### WORK ITEM
Drop all images and give the records again exactly.

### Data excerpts
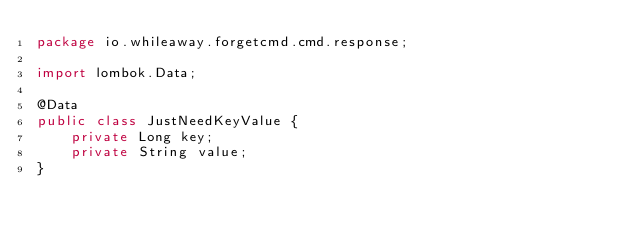<code> <loc_0><loc_0><loc_500><loc_500><_Java_>package io.whileaway.forgetcmd.cmd.response;

import lombok.Data;

@Data
public class JustNeedKeyValue {
    private Long key;
    private String value;
}
</code> 
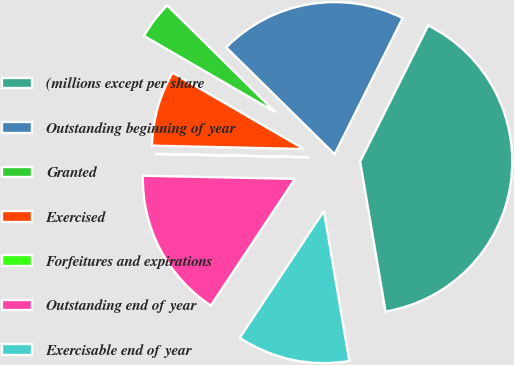Convert chart to OTSL. <chart><loc_0><loc_0><loc_500><loc_500><pie_chart><fcel>(millions except per share<fcel>Outstanding beginning of year<fcel>Granted<fcel>Exercised<fcel>Forfeitures and expirations<fcel>Outstanding end of year<fcel>Exercisable end of year<nl><fcel>39.95%<fcel>19.99%<fcel>4.02%<fcel>8.01%<fcel>0.03%<fcel>16.0%<fcel>12.0%<nl></chart>

### YOUR RESPONSE
<code> <loc_0><loc_0><loc_500><loc_500><_Java_>package io.whileaway.forgetcmd.cmd.response;

import lombok.Data;

@Data
public class JustNeedKeyValue {
    private Long key;
    private String value;
}
</code> 
Convert chart to OTSL. <chart><loc_0><loc_0><loc_500><loc_500><pie_chart><fcel>(millions except per share<fcel>Outstanding beginning of year<fcel>Granted<fcel>Exercised<fcel>Forfeitures and expirations<fcel>Outstanding end of year<fcel>Exercisable end of year<nl><fcel>39.95%<fcel>19.99%<fcel>4.02%<fcel>8.01%<fcel>0.03%<fcel>16.0%<fcel>12.0%<nl></chart>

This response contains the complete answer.